Every auction draft different, each one is unique. There is no universal protocol you should use to auction draft. I don’t even go into these drafts with dollar values assigned to players. All you need is your player rankings and a loose set of guidelines. The following piece is not the ten commandments of auction drafting, these are just some things you should keep in mind while assembling your make believe teams.
Know the Settings I hope everyone knows they need to check out their league scoring system before the draft (duh). I also like to figure out how many starting players will be employed based on the number of positions and teams. I think it’s important to understand where the divide between starters and bench players begins in your rankings.
Know the Player Pool Always pay attention to how many and specifically, who is left in the player pool. Especially when nearing the end of a tier. This way you can forecast changes in the flow of the auction. Expect the bidding to get a little out of hand when nearing the end of the top remaining tier. I have seen MJD end up being the most expensive RB on numerous occasions, simply because everyone was upset about missing out on CJ, AP and Rice.

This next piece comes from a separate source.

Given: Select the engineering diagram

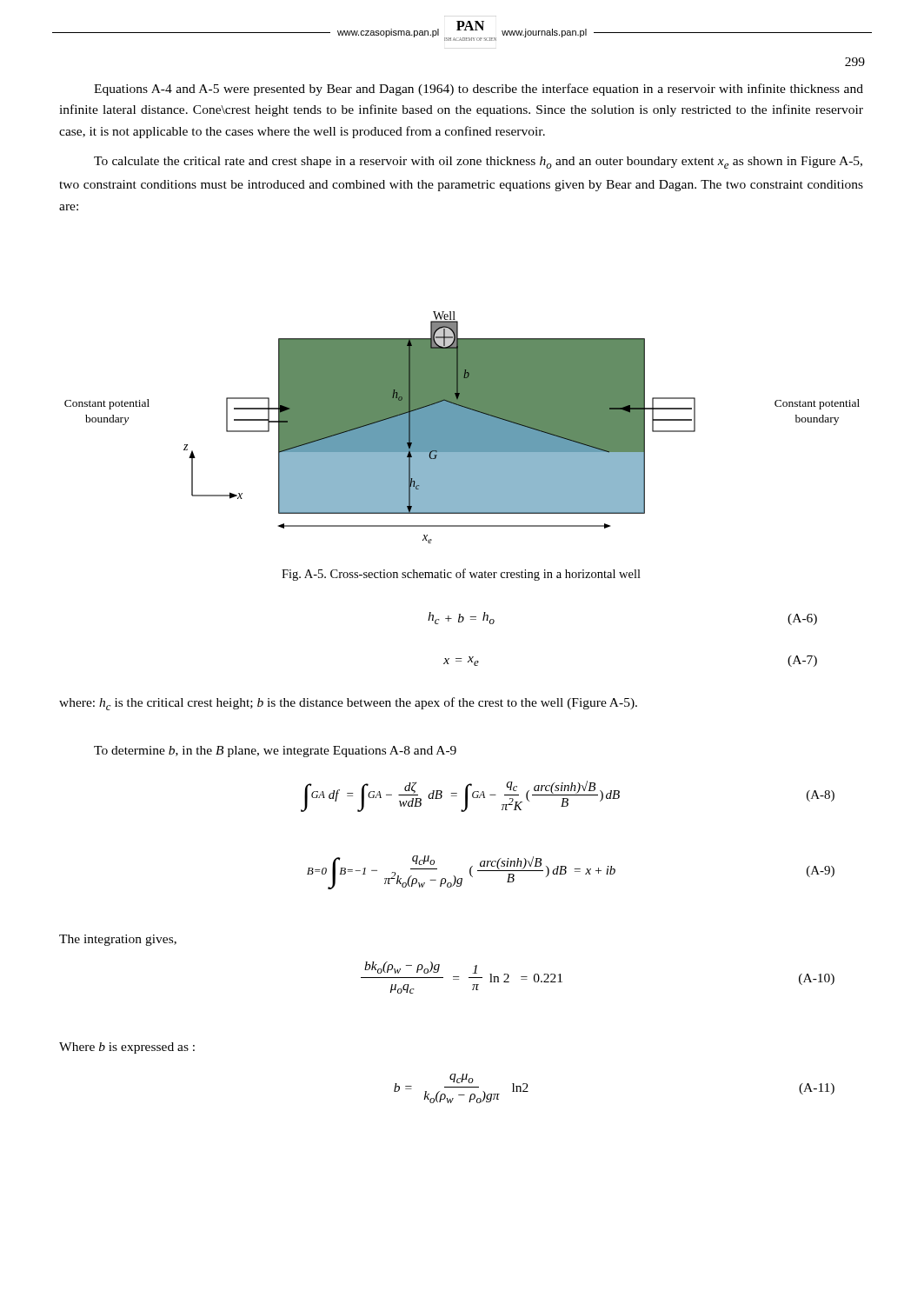Looking at the screenshot, I should click(x=461, y=426).

Spend it All Don’t leave money on the table. That just means your team could have been better. You don’t want to admit that to yourself. It’s OK if you end up with a couple bucks left over because an expected mini-bidding war doesn’t end up happening. I saved some money (maybe $4-$5) for Mike Williams, but when I finally nominated him, no one put it up to $2. We won’t persecute you if your opponents are caught napping.
Mix It Up Sure it’s fun to nominate players you do not want, but keep in mind, sometimes it’s a good idea to nominate players you do wish to acquire. This goes back to the end of a tier statement. If Cutler and Kolb are the only two QB options left in the middle tier and you don’t want Cutler, but covet Kolb; don’t wait until Cutler is nominated to go after Kolb. You’re just limiting the supply for a high demand. Instead of nominating players you don’t want, early in the draft; try waiting until they are the last players left in a tier. That way the low supply will drive up the price. In a PPR league, I wouldn’t nominate Michael Turner until a bunch of RB are gone. That way a small group of people will fight for Turner (effectively driving up his price) instead of deciding to go after another RB.

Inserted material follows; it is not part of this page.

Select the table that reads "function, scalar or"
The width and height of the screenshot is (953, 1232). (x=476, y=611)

Go with the Flow The goal of nominating players is to acquire players at a good price while making others acquire players at bad prices.This is done by paying attention to the flow of the draft. When a player is purchased, I cross out their name on my cheat sheet and jot down the price next to their name. That way you’ll know when people are overpaying and underpaying. Obviously you want to nominate desired players when the prices are low and the cast aways when the prices are high.
This isn’t the Dollar Store Don’t be the guy who only looks for steals and deals, just to end up with a grip load of money and no quality players to spend it on. Don’t be afraid to spend a little extra on the players you want. This is why I won’t bother will pre-draft dollar values. I let the draft determine the market prices and make my decisions during the festivities.
Display the Badge Don’t be afraid to be the sheriff, driving up prices so people don’t get steals. The only thing worse than getting stuck with a player you didn’t intend to draft is seeing people walk away from the table with great buys. It sucks when I’m the only one who has the balls to take this risk, but someone has to do it. If I was watching someone play the role of the sheriff, I would be happy to settle in as the deputy, helping the sheriff do his work when need be. If there is a sheriff and deputy on duty, you’ll find me at the saloon causing a ruckus.
Slap on the Cuffs Nominate a handcuff right after the main attraction is drafted. Matt Forte just went for $35? Nominate Chester Taylor! Chester is already overrated, just wait until a Forte owner mistakenly decides to handcuff him and tries to fend off the Superfans. If you’re playing with an intelligent group, nominate Julian Edelman after Wes Welker goes. You get the idea.
Wear Out the Position After you acquire a QB/TE, start nominating those suckers. If you’re not going to spend any more money on the position, start making others do it. I am always on the hunt for RB depth and WR sleepers so you won’t find me nominating those positions just for the sake of doing so.
K/DEF If I was drafting today, I wouldn’t even draft a kicker. You’re much better off selecting a super sleeper in hopes of a camp breakout/injury. However, if I was drafting within a week of the season opener, I wouldn’t mind being the first person to nominate a Kicker. Throw out the top kickers for $1 and let people overspend if they want. You won’t find me spending $2 on a kicker (that would be embarrassing). Kickers are easier to stream than Defenses. When nominating a Team Defense, I’ll usually open the bidding at the highest price I am willing to go (usually between $3-$5, depending on the league settings). I’m not going to open the bidding at $1 just to get into a little mini-spat with someone. Open it at $2 if you don’t want to spend $3. Minor stuff there.
End Game The final few rounds of an auction draft go fast. Most of the bidding wars are over, some teams are already done and your turn to nominate comes quickly. Do not get caught sleeping. Make sure to have your queue filled and have an idea of who you want to nominate. Otherwise you could be left scrambling, only to find yourself posting a total scrub and having to roster him.